Six years ago, I was in a completely different time and space.  I had risen from a difficult divorce and found myself stronger than I ever knew possible.  I was full of courage and defiance.  I refused to let those wounds break me, it was never an option.  Only rise and conquer.  And I did.  I was confident and bold.  I lead my kids through some dark days with sheer determination that they would not be victim to the choices their father and I had made.  I was physically fit, running regularly and doing tae kwon do once or twice a week.  I was comfortable being me and I loved the life I had created for myself.  I had transformed tragedy into true victory.

But these past two years I have found myself in a different frame of mind.  I have been broken, completely broken, a brokenness I have never experienced before.  And I've spent the last two years wishing I could resurrect that woman from before.  I lost her, and I have so desperately wanted to find her.  To borrow even just a fraction of that strength and determination with which she so fiercely faced her circumstances.  But I can't.  She won't come.  It's as if there isn't even a spark of the flame that was once a raging fire.  Why can't I summon that ferocity and defiance that seemed to just arise naturally before?  I have never so desperately wanted to be that woman I once was, I have never so desperately needed to be that woman I once was.

So I have been trying to be that woman again.  Trying to find that hidden strength and courage to face adversity and not cower in it's presence.  Even if I have to fake it 'til I make it.  I want to be back in that space of confidence and peace.  But I just haven't been able to draw upon that strength, that courage, not even the anger.  It's as if there is nothing left of the woman I once was.

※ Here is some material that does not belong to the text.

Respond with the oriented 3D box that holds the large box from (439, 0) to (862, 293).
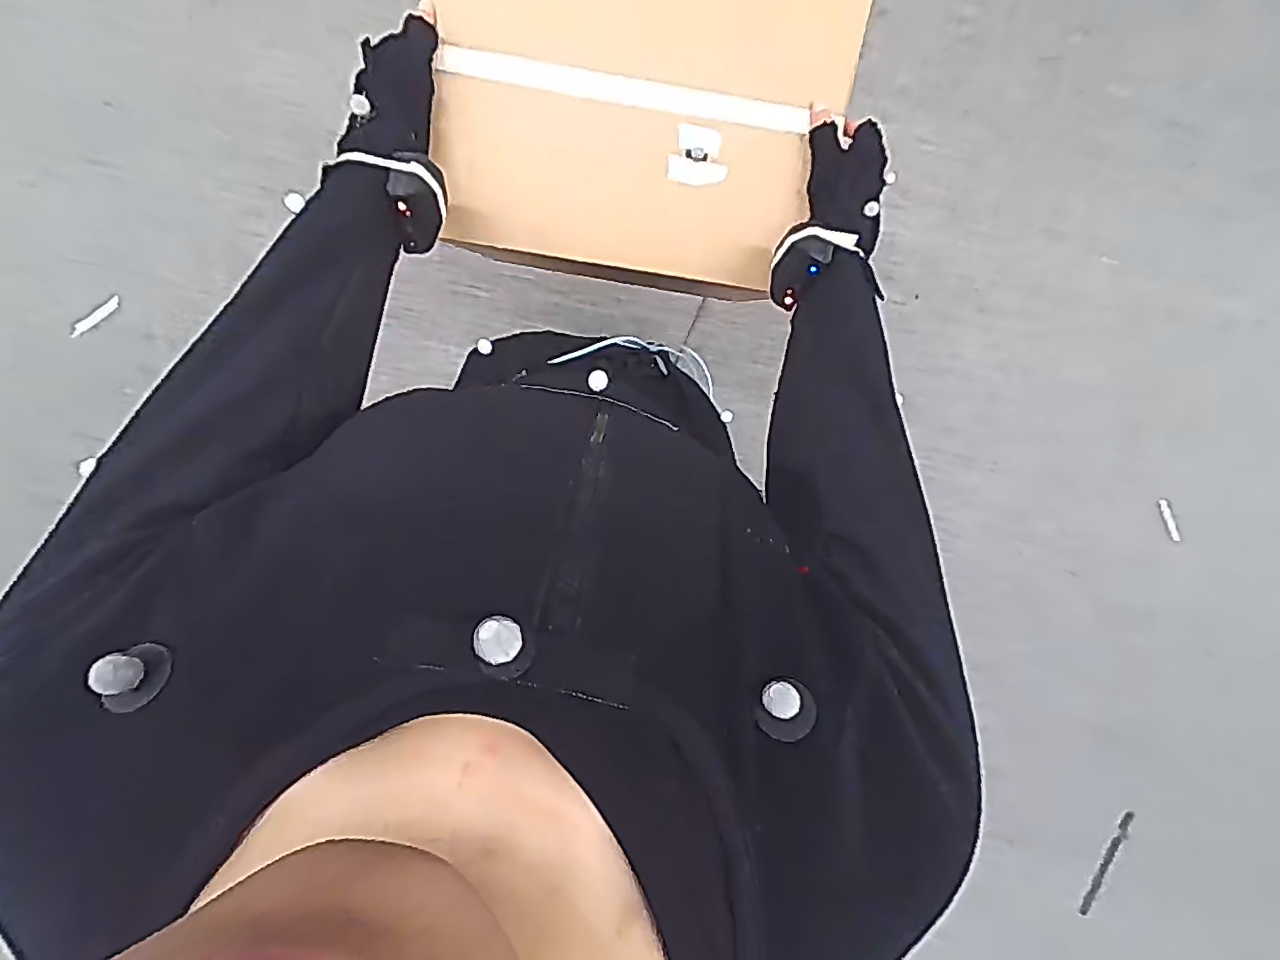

And the further I slip away from her, the more lost and alone I feel.  It's like looking into the rearview mirror and seeing nothing but darkness.

The other day a memory came up on social media of Henry and Grace biking to the playground after Grace first learned to ride her bike.  Henry was leading the way, and he kept looking back to make sure Grace was following him, so every so often he'd veer off the sidewalk and make these crazy sharp turns to correct his path.  And Grace, determined as ever, had her head down watching the pavement beneath her and was furiously pedaling trying to keep up with her brother.  She kept looking down and would bike in this wobbly path behind Henry.  It was like watching two drunken squirrels chase each other down the street.  I kept yelling to Henry, "Keep your head forward!" and to Grace, "Keep your head up!" knowing that wherever they were looking is where they would go.

Wherever they were looking is where they would go.

Wherever I am looking is where I will go.

I need to keep my head up and keep looking forward.  As much as I admire that woman from the past, I can't ever be that woman again.  I can't expect to move forward if I keep looking back and try to be what is now just a memory.  I'll never find my way if my head is turned back but my feet are pointed forward, I'll be just another drunken squirrel careening down the road without direction.

I  can't be who I once was, I can only be who I am becoming. And maybe that will look similar to other versions of me from the past, or maybe it will be a stronger, wiser, more compassionate version of that woman.  Or maybe it will be something entirely different… who knows.  I just have to be present in my becoming and have faith that my brightest days are not behind me, and that the best version of me is yet to come.